Replication to S3 is introduced in VAST Cluster 3.2.0.
Replication to S3 is a low cost method of backing up the data on your VAST Cluster. The replication feature enables you to replicate a VAST Cluster's data to an AWS S3 bucket or to any custom destination that supports S3 access. You can restore the replicated data from a VAST Cluster to the same VAST Cluster or to a different VAST Cluster.
The introductory version of the replication feature replicates the entire file system.
To set up replication, first create a replication target. A replication target defines a destination to which data can be replicated. Then create a replication policy. A replication policy specifies a target, a starting time and a frequency for performing replication. Once you have a target and a policy, create a replication stream. The replication stream takes snapshots of the data at the configured points in time and performs replication to the target following each snapshot.
You can have multiple replication targets defined in parallel on a VAST Cluster.
Creating a replication target on a VAST Cluster enables you to replicate the data from the VAST Cluster to the target. It also exposes all data that was replicated to that target to client mounts of the VAST Cluster's file system.
A replication policy is a reusable configuration that defines the date and time to start replicating and a frequency for performing replications. So, for example, you could set replication to be done on July 1st, 2020 at midnight and then once every day. Replication would be done every day at midnight beginning July 1st.
Replication streams copy data from a VAST Cluster to a replication target. You can have one replication stream defined and active on a VAST Cluster at any given time.
Immediately after you create a replication stream, the stream starts copying all data under the root directory to the replication target and continues copying until an initial state of sync between the VAST Cluster and the target is reached. Following initial sync, the stream performs replication at the times configured in the replication policy. Due to the immediate initial sync, the start time in the policy is in fact the second time replication is done.
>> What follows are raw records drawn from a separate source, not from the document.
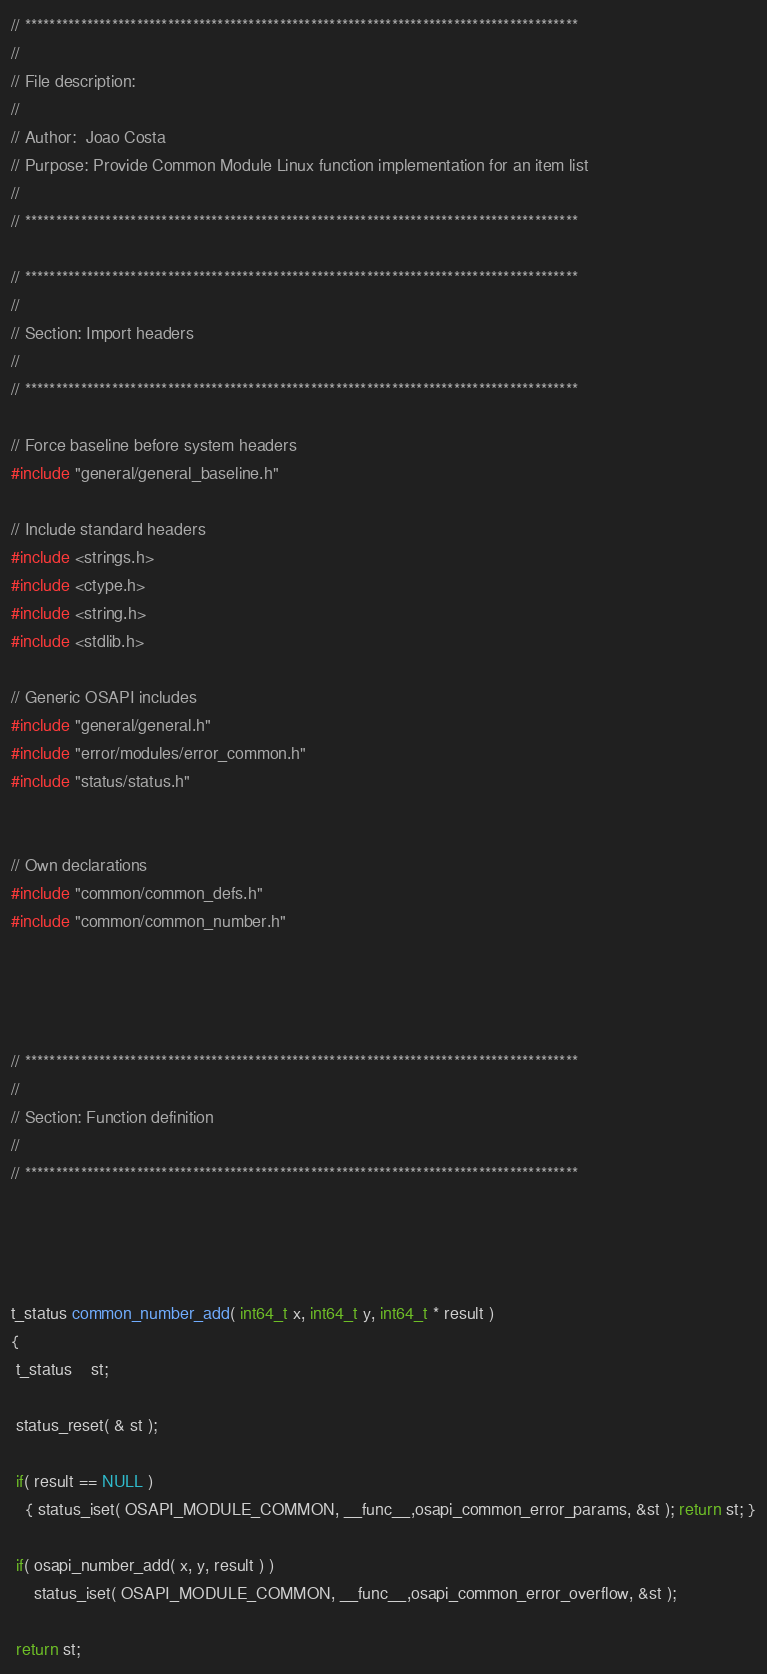<code> <loc_0><loc_0><loc_500><loc_500><_C_>// *****************************************************************************************
//
// File description:
//
// Author:	Joao Costa
// Purpose:	Provide Common Module Linux function implementation for an item list
//
// *****************************************************************************************

// *****************************************************************************************
//
// Section: Import headers
//
// *****************************************************************************************

// Force baseline before system headers
#include "general/general_baseline.h"

// Include standard headers
#include <strings.h>
#include <ctype.h>
#include <string.h>
#include <stdlib.h>

// Generic OSAPI includes
#include "general/general.h"
#include "error/modules/error_common.h"
#include "status/status.h"


// Own declarations
#include "common/common_defs.h"
#include "common/common_number.h"




// *****************************************************************************************
//
// Section: Function definition
//
// *****************************************************************************************




t_status common_number_add( int64_t x, int64_t y, int64_t * result )
{
 t_status	st;

 status_reset( & st );

 if( result == NULL )
   { status_iset( OSAPI_MODULE_COMMON, __func__,osapi_common_error_params, &st ); return st; }

 if( osapi_number_add( x, y, result ) )
     status_iset( OSAPI_MODULE_COMMON, __func__,osapi_common_error_overflow, &st );

 return st;</code> 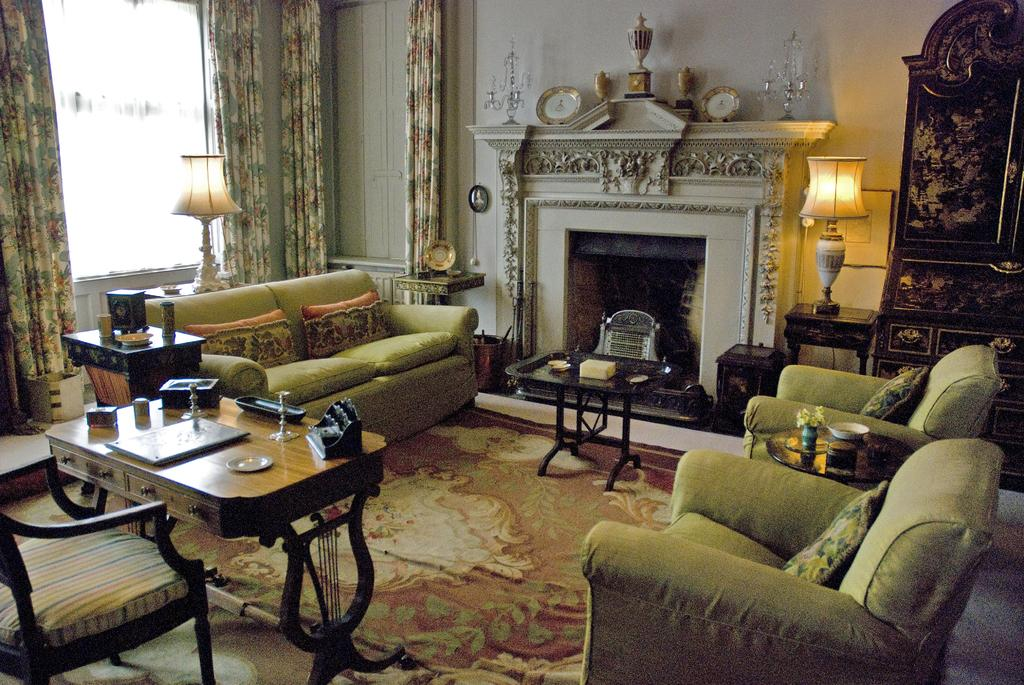What type of seating is available in the room? There is a sofa and chairs in the room. What is on the floor in the room? There are tables on the floor. What is on the tables in the room? There are lamps and objects on the tables. What is on the wall in the room? There is a clock on the wall. What is the purpose of the furniture in the room? The furniture in the room provides seating and surfaces for objects. What type of behavior can be observed from the stove in the room? There is no stove present in the room, so no behavior can be observed. What news is being reported by the objects on the table? There is no news being reported by the objects on the table; they are simply objects. 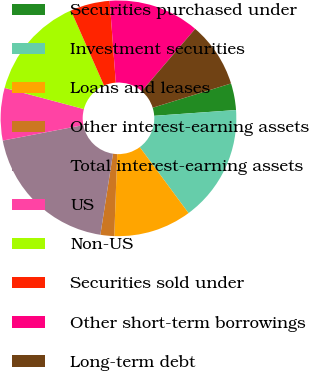Convert chart to OTSL. <chart><loc_0><loc_0><loc_500><loc_500><pie_chart><fcel>Securities purchased under<fcel>Investment securities<fcel>Loans and leases<fcel>Other interest-earning assets<fcel>Total interest-earning assets<fcel>US<fcel>Non-US<fcel>Securities sold under<fcel>Other short-term borrowings<fcel>Long-term debt<nl><fcel>3.66%<fcel>15.99%<fcel>10.7%<fcel>1.89%<fcel>19.52%<fcel>7.18%<fcel>14.23%<fcel>5.42%<fcel>12.47%<fcel>8.94%<nl></chart> 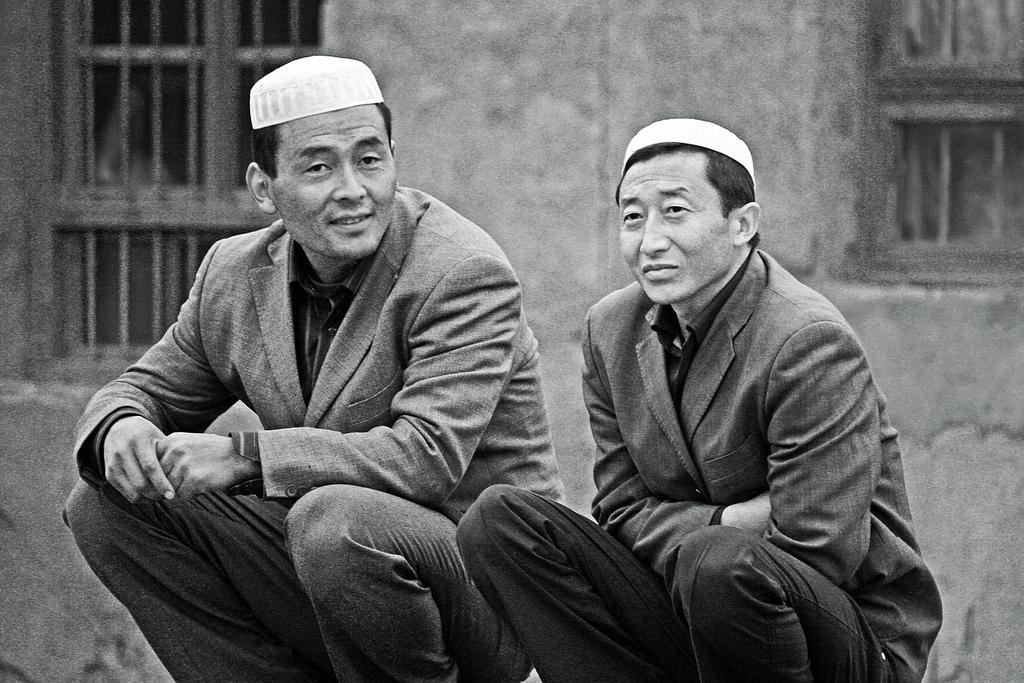How many men are present in the image? There are two men in the image. What are the men wearing on their upper bodies? Both men are wearing coats. What type of headwear are the men wearing? Both men are wearing caps on their heads. What can be seen in the background of the image? There are windows and a wall in the background of the image. What type of plastic material can be seen in the image? There is no plastic material present in the image. Can you tell me how many pears are visible in the image? There are no pears present in the image. 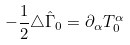Convert formula to latex. <formula><loc_0><loc_0><loc_500><loc_500>- \frac { 1 } { 2 } \triangle \hat { \Gamma } _ { 0 } = \partial _ { \alpha } T ^ { \alpha } _ { 0 }</formula> 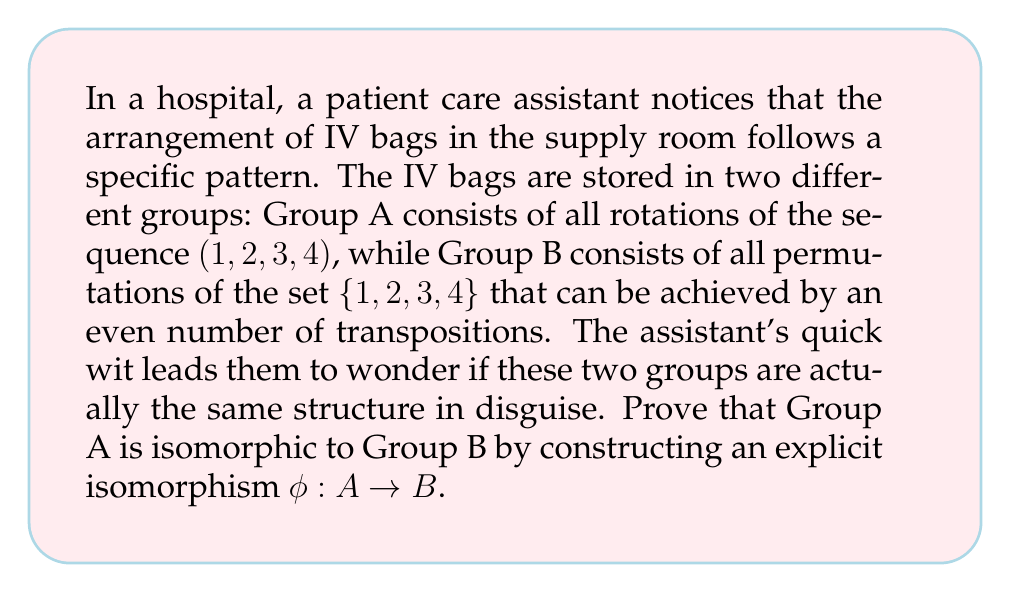Can you solve this math problem? To prove that Group A is isomorphic to Group B, we need to construct a bijective homomorphism $\phi: A \rightarrow B$. Let's approach this step-by-step:

1) First, let's identify the elements of each group:

   Group A (rotations of (1, 2, 3, 4)):
   $a_1 = (1, 2, 3, 4)$
   $a_2 = (4, 1, 2, 3)$
   $a_3 = (3, 4, 1, 2)$
   $a_4 = (2, 3, 4, 1)$

   Group B (even permutations of {1, 2, 3, 4}):
   $b_1 = (1)(2)(3)(4)$ (identity)
   $b_2 = (1 2 3)$
   $b_3 = (1 3 2)$
   $b_4 = (1 4 2 3)$

2) We can define our isomorphism $\phi: A \rightarrow B$ as follows:

   $\phi(a_1) = b_1$
   $\phi(a_2) = b_4$
   $\phi(a_3) = b_3$
   $\phi(a_4) = b_2$

3) To prove this is an isomorphism, we need to show it's bijective and preserves the group operation.

4) Bijectivity:
   - It's injective (one-to-one) because each element in A maps to a unique element in B.
   - It's surjective (onto) because every element in B is mapped to by an element in A.

5) Preserving the group operation:
   We need to show that for any $x, y \in A$, $\phi(xy) = \phi(x)\phi(y)$.

   Let's check this for $a_2 * a_3$:
   
   $a_2 * a_3 = (4, 1, 2, 3) * (3, 4, 1, 2) = (2, 3, 4, 1) = a_4$
   
   So, $\phi(a_2 * a_3) = \phi(a_4) = b_2$

   Now, $\phi(a_2)\phi(a_3) = b_4 * b_3 = (1 4 2 3)(1 3 2) = (1 2 3) = b_2$

   Indeed, $\phi(a_2 * a_3) = \phi(a_2)\phi(a_3)$

6) We can similarly verify this property for all other combinations of elements in A.

Therefore, $\phi$ is an isomorphism between Group A and Group B.
Answer: The isomorphism $\phi: A \rightarrow B$ is defined as:

$\phi(a_1) = b_1$
$\phi(a_2) = b_4$
$\phi(a_3) = b_3$
$\phi(a_4) = b_2$

This mapping is bijective and preserves the group operation, thus proving that Group A is isomorphic to Group B. 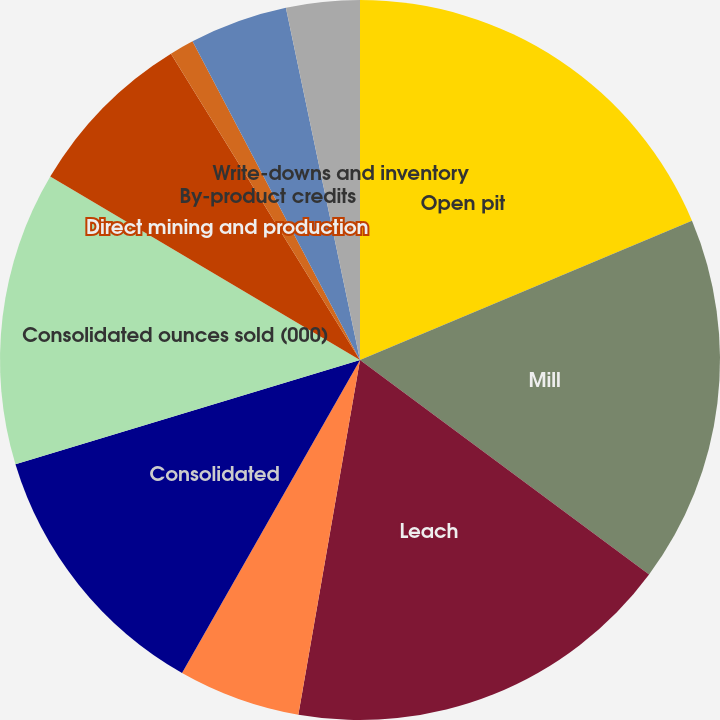Convert chart. <chart><loc_0><loc_0><loc_500><loc_500><pie_chart><fcel>Open pit<fcel>Mill<fcel>Leach<fcel>Average mill recovery rate<fcel>Consolidated<fcel>Consolidated ounces sold (000)<fcel>Direct mining and production<fcel>By-product credits<fcel>Royalties and production taxes<fcel>Write-downs and inventory<nl><fcel>18.68%<fcel>16.48%<fcel>17.58%<fcel>5.49%<fcel>12.09%<fcel>13.19%<fcel>7.69%<fcel>1.1%<fcel>4.4%<fcel>3.3%<nl></chart> 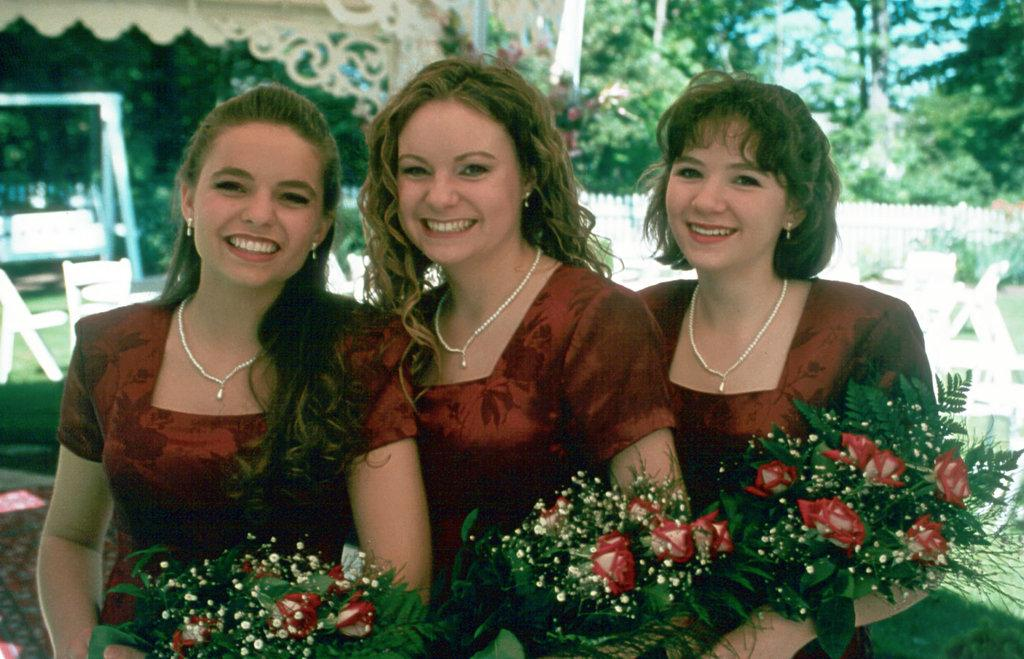How many women are in the image? There are three women in the image. What are the women doing in the image? The women are smiling and holding flower bouquets. What can be seen in the background of the image? There are chairs, a fence, plants, trees, and other objects in the background of the image. Where is the faucet located in the image? There is no faucet present in the image. What type of knot is the queen using to secure her crown in the image? There is no queen or crown present in the image. 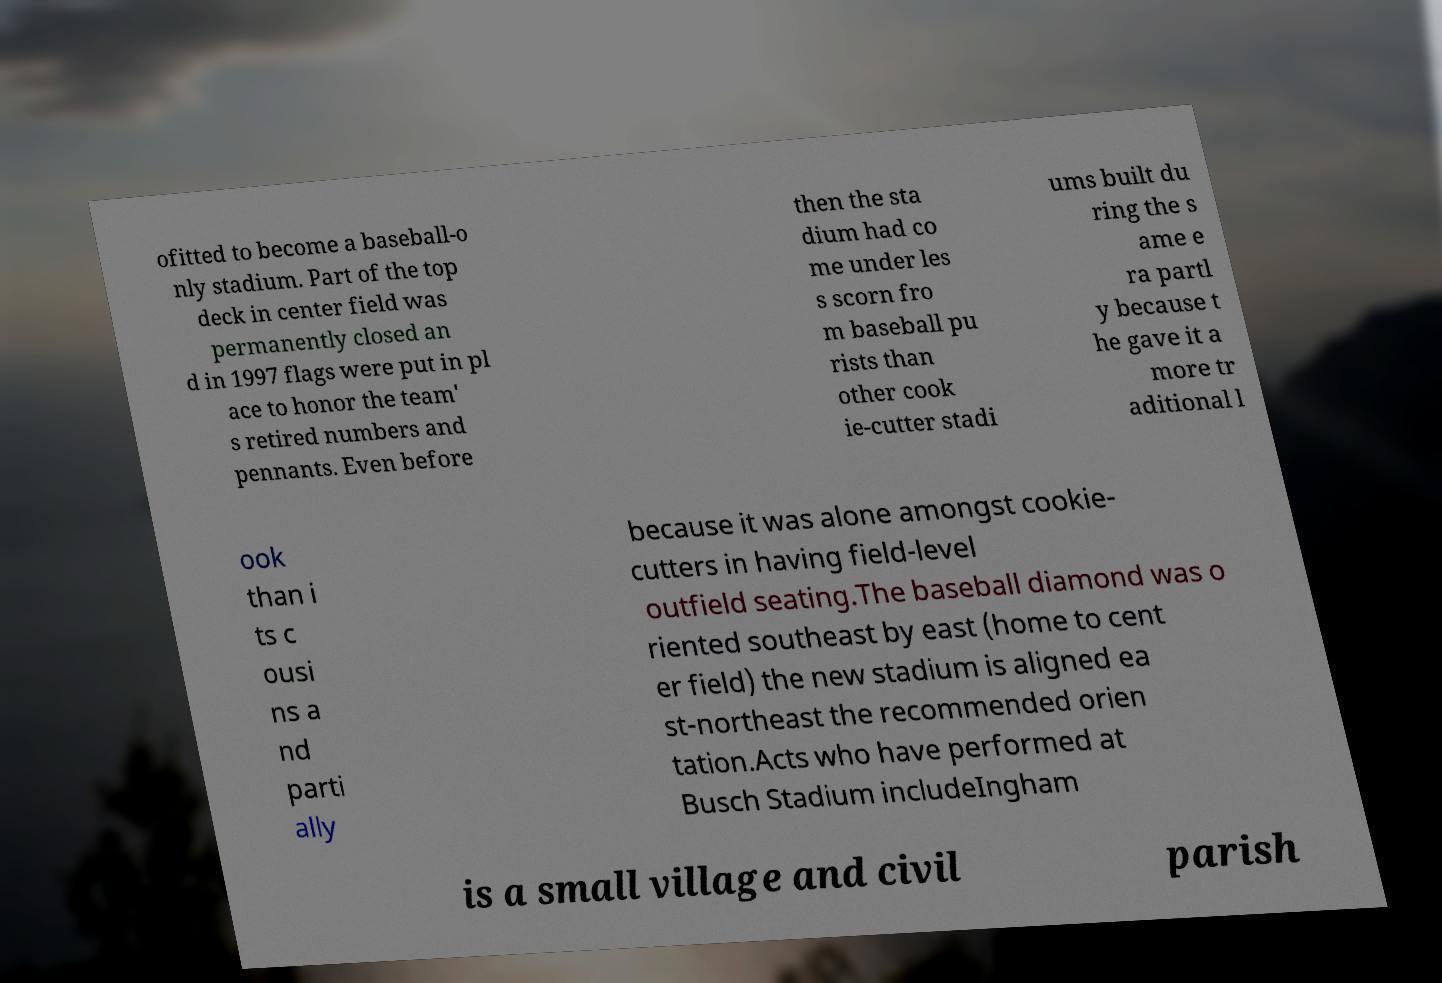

The stream performs replication by taking a snapshot of the cluster's data at a point in time and then copying data to the target until replication is complete. Only the changes between the data at the time of the snapshot and the data previously copied to the target is copied. For each point in time, the stream creates a restore point from which the data can be accessed.
Restore points are time stamped directories on the target that let you access data as it was at the point in time when the data was replicated. Each active replication stream creates a restore point every time it performs replication. The name of each restore point is the time of the creation of a snapshot for replication.